I thought the camera did a fine job. The box pic look so good you could see the plume (I am a plume crackhead by the way) and I could smell a newly opened box of Montes.


----------



## One Lonely Smoker (Jan 21, 2005)

Oh, don't get me wrong, they are perfectly fine pics. He was just talking about being new to that camera, and his photos in this case are over-contrasted a bit by the flash. It's not like they're out of focus or anything.


----------



## Tristan (Jul 11, 2006)

Thanks for the pron! You just gave my day a boost and now I'll be walking funny!


----------



## riverdawg (Dec 4, 2006)

Those lumix cameras are very nice!! Great pics of them smokes too


----------



## Drew (Feb 6, 2007)

I used digital macro and it seemed to work well...I use a 7mp Canon point-shoot.


----------



## piperman (Sep 8, 2005)

Nice pics and WTG on the Cigars


----------



## Blueface (May 28, 2005)

n3uka said:


> Panasonic DMC-FX3
> 
> only a little 6 meg pocket digital
> i just picked it up on sale at costco.
> ...


Leica lens says it all.
That and Carl Zeiss are my favorites.


----------



## Stonato~ (Dec 22, 2006)

Juicy sticks. wow.
Those pics look great....Hey on the topic can you give me any pointers on taking close-ups? I try the macro mode with the flash off and when I get close they are always blurry...and I don't mean just the end result but actually in the window. Anyway, any help would be appreciated. Don't know anything about cameras.
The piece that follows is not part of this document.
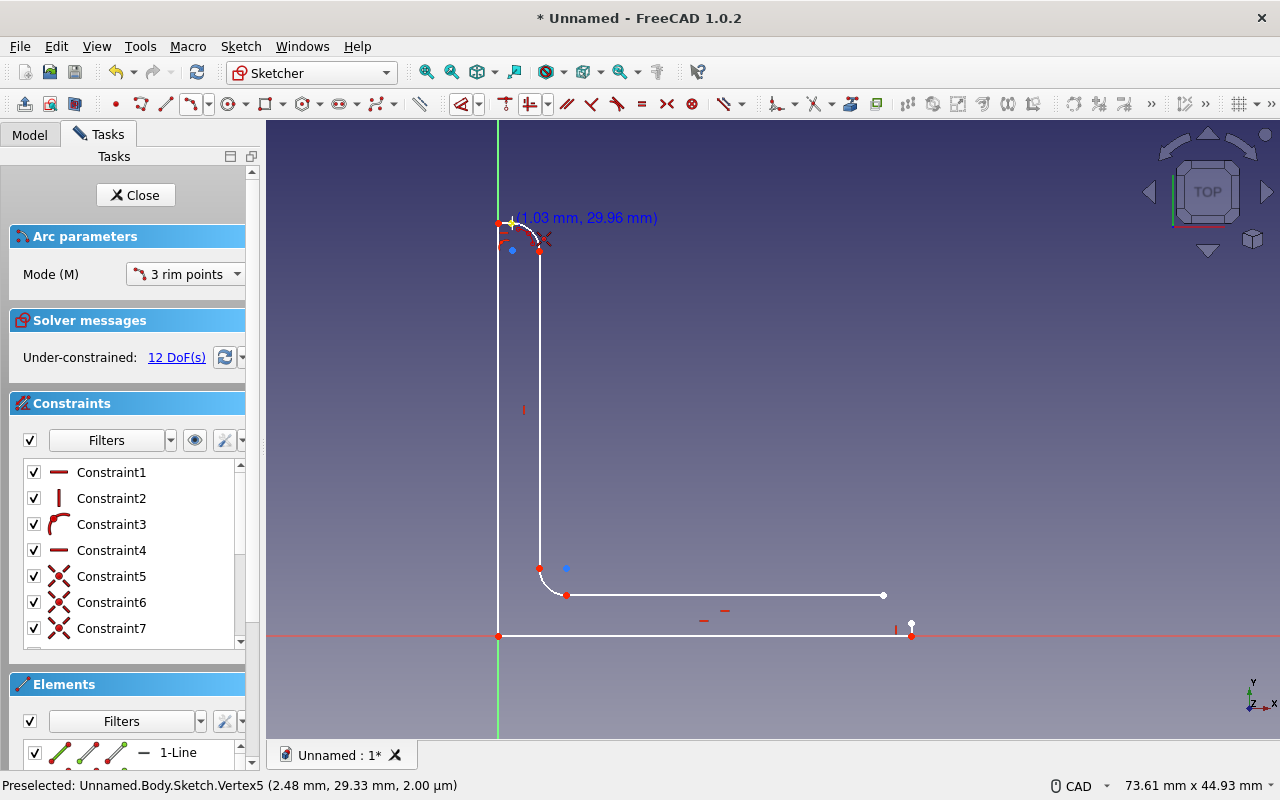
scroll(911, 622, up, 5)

It's a Power Shot Canon SD30 5MP.


----------



## n3uka (Nov 13, 2006)

Stonato~ said:


> Juicy sticks. wow.
> Those pics look great....Hey on the topic can you give me any pointers on taking close-ups? I try the macro mode with the flash off and when I get close they are always blurry...and I don't mean just the end result but actually in the window. Anyway, any help would be appreciated. Don't know anything about cameras. It's a Power Shot Canon SD30 5MP.


Look at the book or check online for that camera. They have a minimum distance that you need to be from the object you are shooting. Try pulling back untill the pic looks clear to you. You can always zoom in to get a tighter shot.


----------



## Blueface (May 28, 2005)

BTW, what are the sticks?
Are those Monte 4's and Por Larranag PCs?


----------



## DragonMan (Dec 29, 2006)

Nice pictures and even nicer cigars! :ss


----------



## n3uka (Nov 13, 2006)

Blueface said:


> BTW, what are the sticks?
> Are those Monte 4's and Por Larranag PCs?
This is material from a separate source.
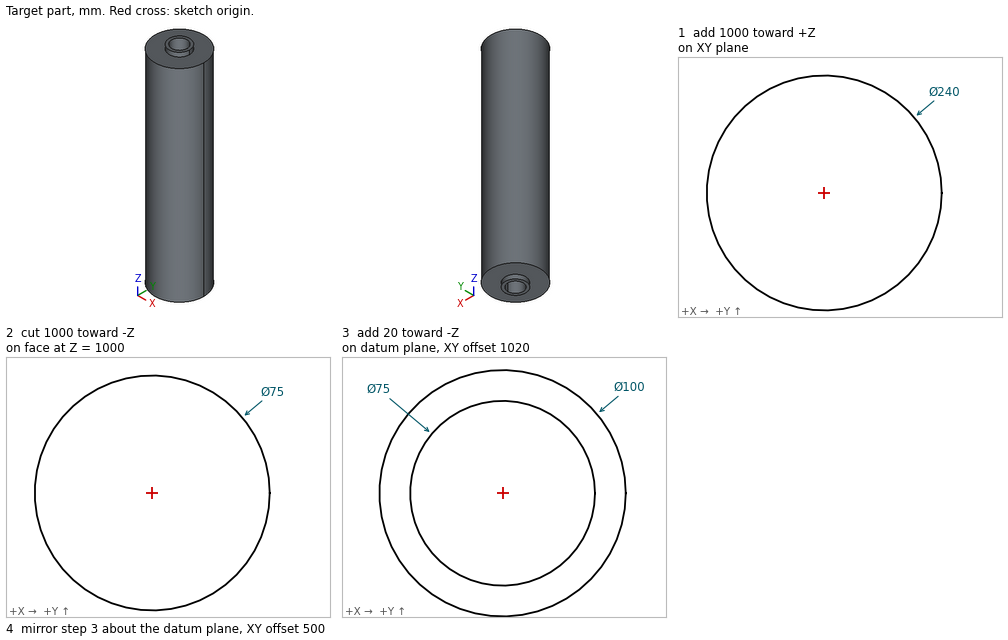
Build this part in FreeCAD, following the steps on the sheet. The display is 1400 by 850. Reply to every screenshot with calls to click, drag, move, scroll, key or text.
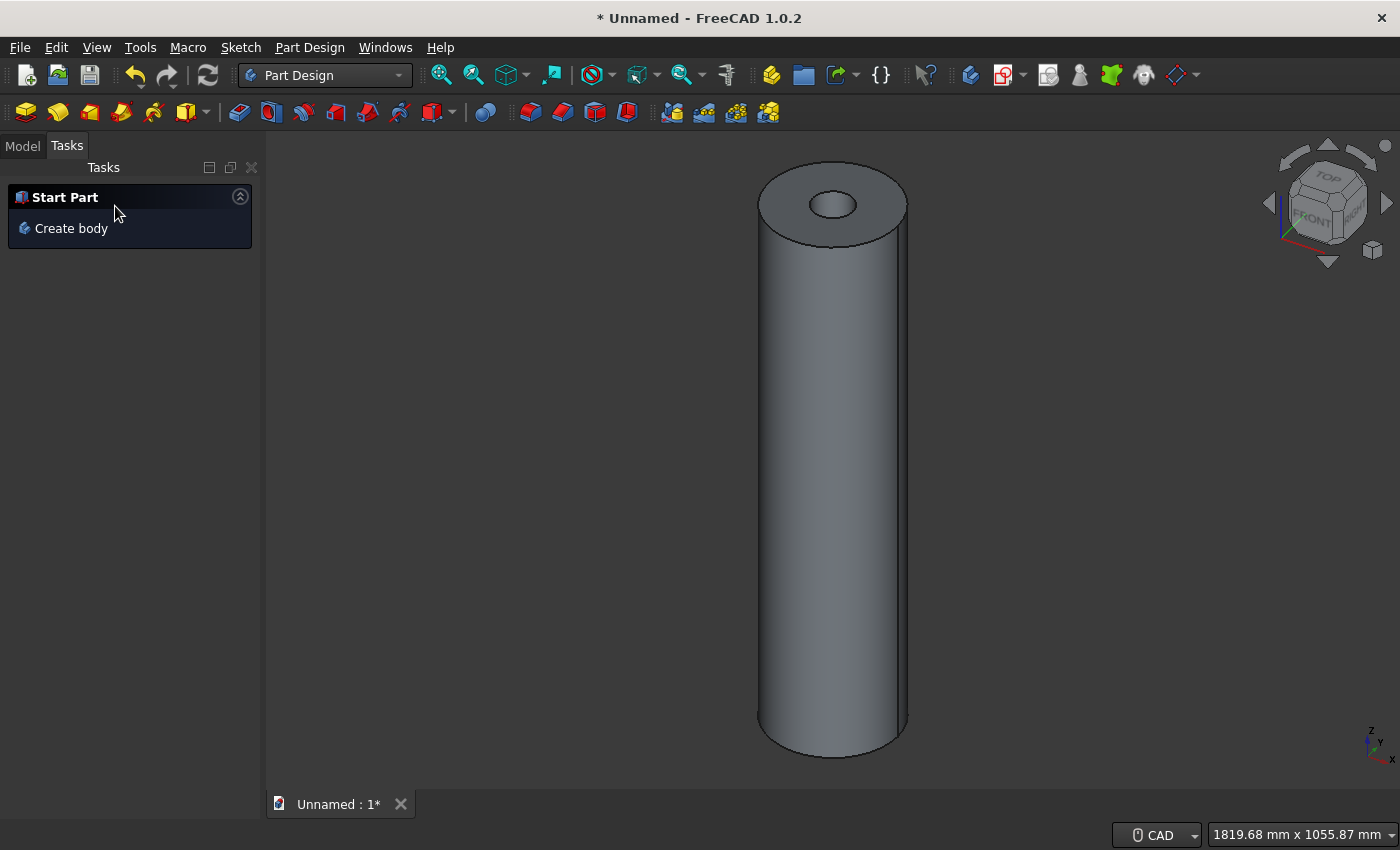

bingo, here is the original post
link

Can't say you don't know your cigars :ss


----------



## luckybandit (Jul 9, 2006)

great pics mind if i use some for wallpaper!


----------



## n3uka (Nov 13, 2006)

luckybandit said:


> great pics mind if i use some for wallpaper!


nope, enjoy


----------



## Stonato~ (Dec 22, 2006)

n3uka said:


> Look at the book or check online for that camera. They have a minimum distance that you need to be from the object you are shooting. Try pulling back untill the pic looks clear to you. You can always zoom in to get a tighter shot.


Now that makes sense. Thanks for the easy fix. Gotta post my new babies.


----------



## Old Sailor (Jul 27, 2006)

Sweet, now I gotta whip the :dr off my keyboard.


----------